Look through the listing below and say how many lines contain the word "pida". Nothing else belongs in the reply.

──────── SOURCE RECORDS ────────

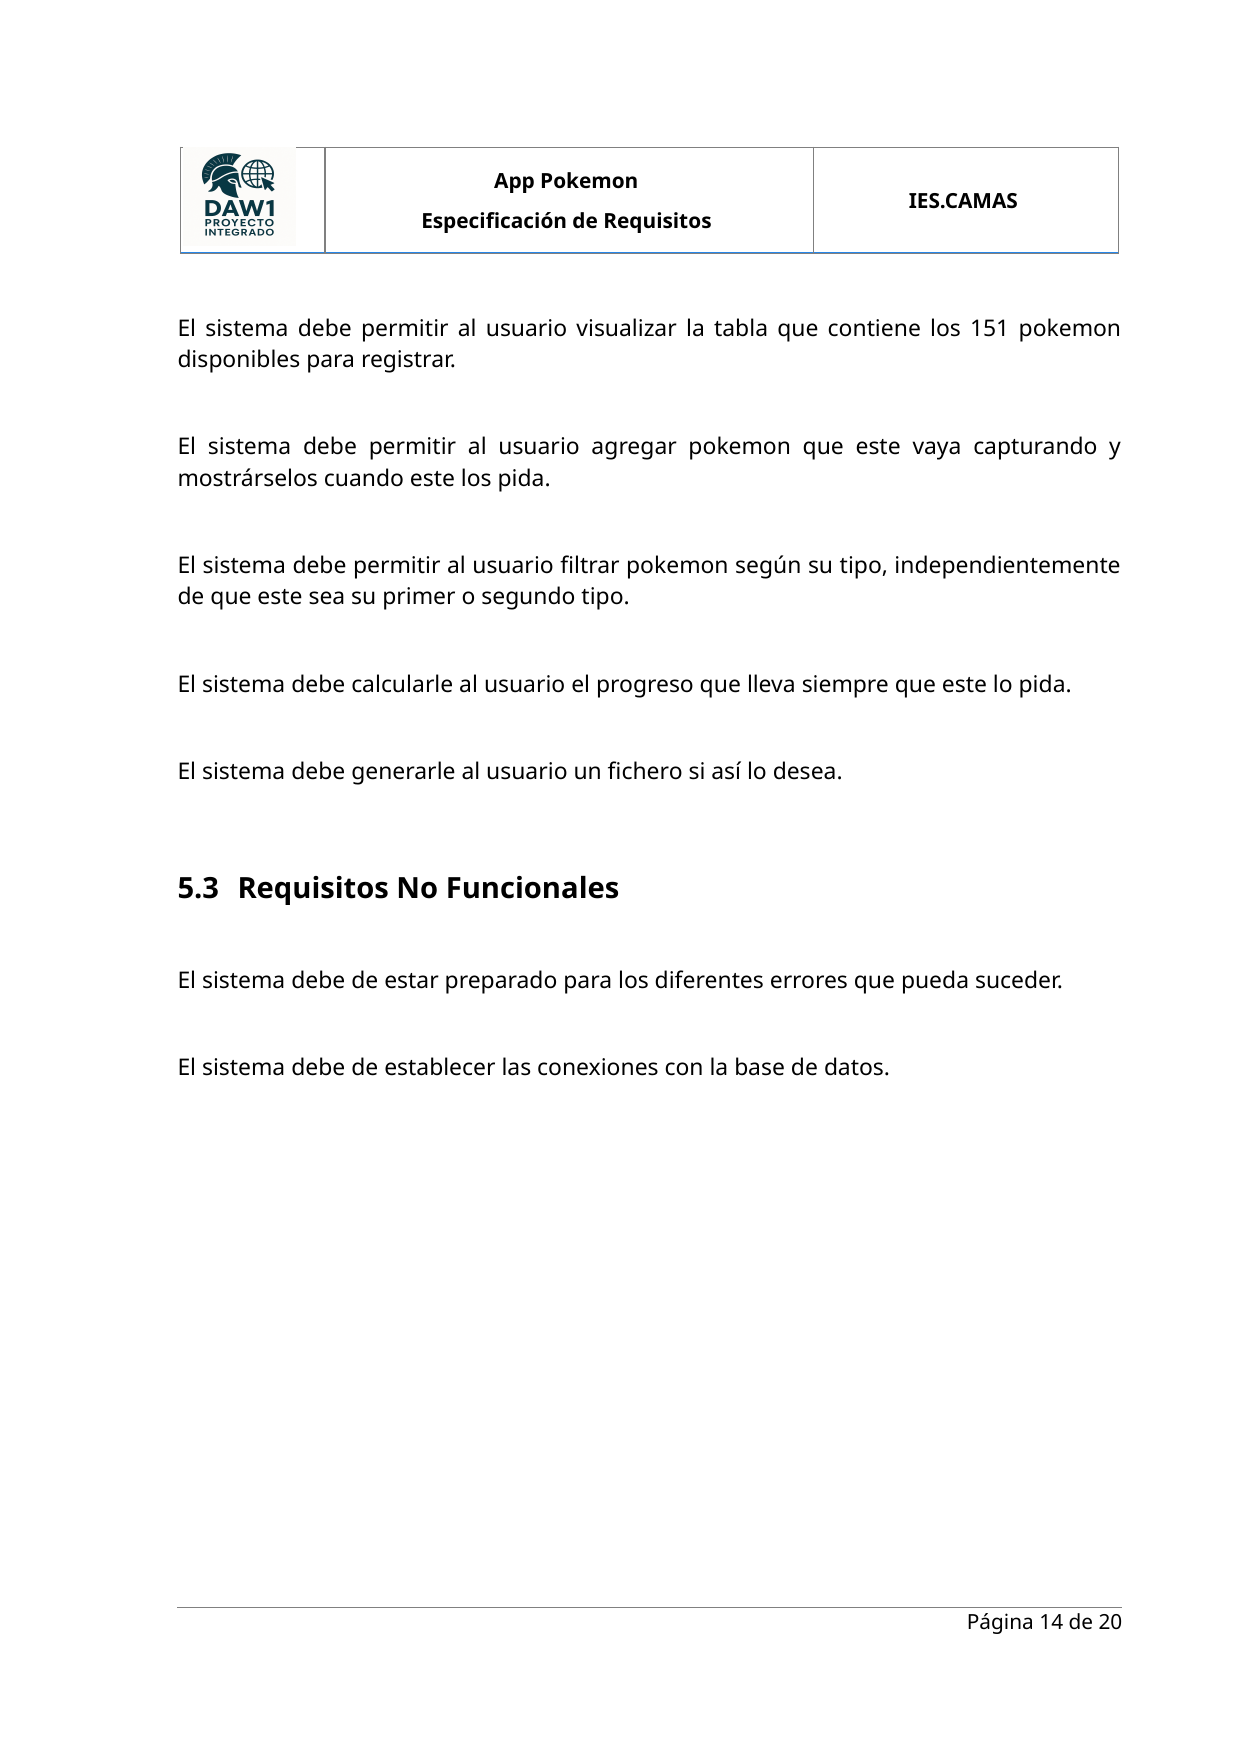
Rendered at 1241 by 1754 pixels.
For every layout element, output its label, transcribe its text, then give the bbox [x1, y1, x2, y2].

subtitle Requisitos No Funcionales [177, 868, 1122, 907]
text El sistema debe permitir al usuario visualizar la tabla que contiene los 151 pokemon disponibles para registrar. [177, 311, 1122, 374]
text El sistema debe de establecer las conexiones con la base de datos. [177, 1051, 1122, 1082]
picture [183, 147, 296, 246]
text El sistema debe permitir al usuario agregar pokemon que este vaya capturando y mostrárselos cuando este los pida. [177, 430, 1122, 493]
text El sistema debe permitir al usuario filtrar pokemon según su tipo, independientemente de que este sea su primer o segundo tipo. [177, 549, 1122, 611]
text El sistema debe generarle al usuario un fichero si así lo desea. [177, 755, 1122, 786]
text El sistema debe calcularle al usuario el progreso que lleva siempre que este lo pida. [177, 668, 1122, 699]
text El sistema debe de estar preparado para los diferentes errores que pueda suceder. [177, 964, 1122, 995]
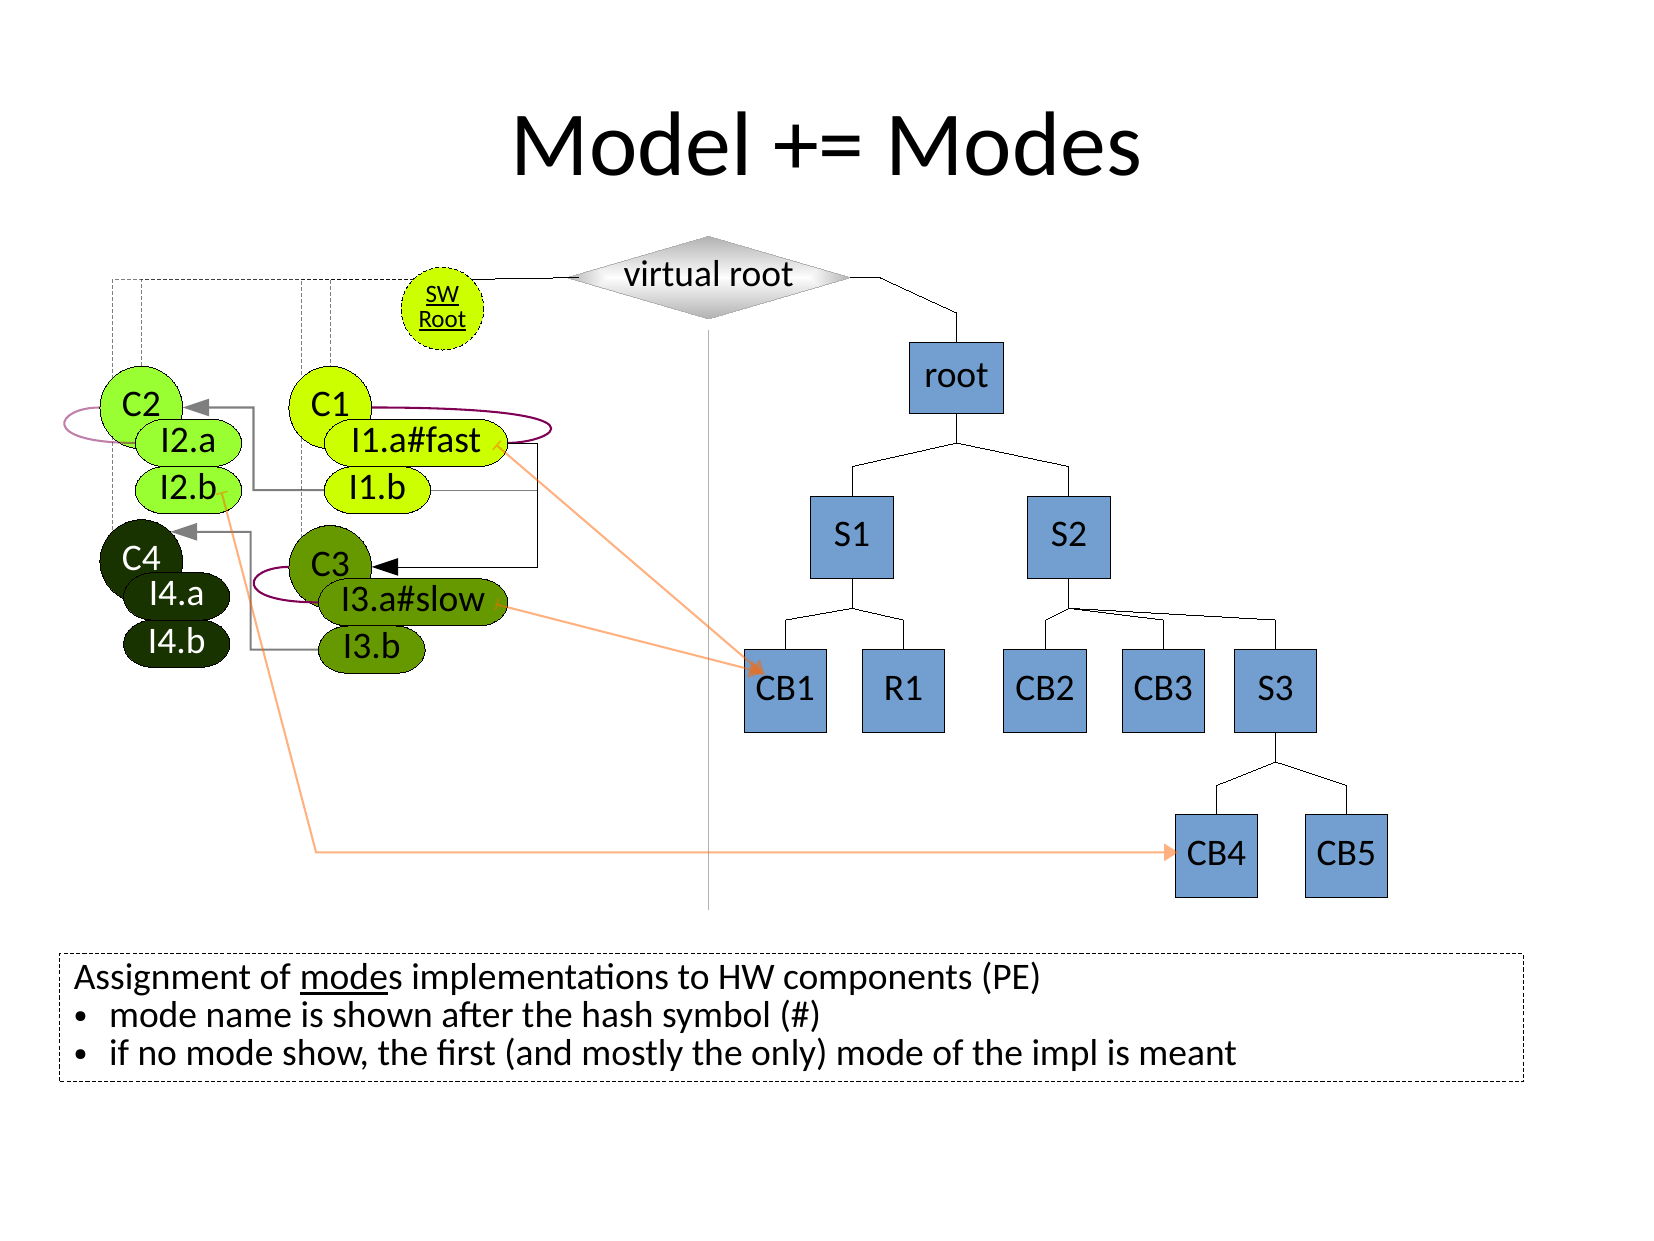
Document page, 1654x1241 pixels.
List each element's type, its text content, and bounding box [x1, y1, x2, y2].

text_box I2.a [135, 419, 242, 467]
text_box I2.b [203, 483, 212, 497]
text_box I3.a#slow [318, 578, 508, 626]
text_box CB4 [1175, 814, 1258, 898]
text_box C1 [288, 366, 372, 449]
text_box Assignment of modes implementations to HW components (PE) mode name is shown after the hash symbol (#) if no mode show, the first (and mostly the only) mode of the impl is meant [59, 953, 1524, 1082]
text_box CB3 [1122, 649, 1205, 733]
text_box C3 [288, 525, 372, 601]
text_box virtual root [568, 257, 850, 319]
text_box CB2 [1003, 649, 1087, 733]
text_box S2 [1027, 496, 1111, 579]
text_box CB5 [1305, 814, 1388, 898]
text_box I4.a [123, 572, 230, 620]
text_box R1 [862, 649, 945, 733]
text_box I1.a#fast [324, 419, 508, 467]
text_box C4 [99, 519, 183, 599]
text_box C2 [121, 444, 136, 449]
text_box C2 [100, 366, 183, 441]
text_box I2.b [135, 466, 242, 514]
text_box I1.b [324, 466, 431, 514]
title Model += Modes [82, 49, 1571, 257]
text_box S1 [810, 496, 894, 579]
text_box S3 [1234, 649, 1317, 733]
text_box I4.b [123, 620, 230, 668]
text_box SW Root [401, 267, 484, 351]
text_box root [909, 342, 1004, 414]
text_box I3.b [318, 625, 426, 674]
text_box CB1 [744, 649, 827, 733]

────────

ANSWER SPACE. 2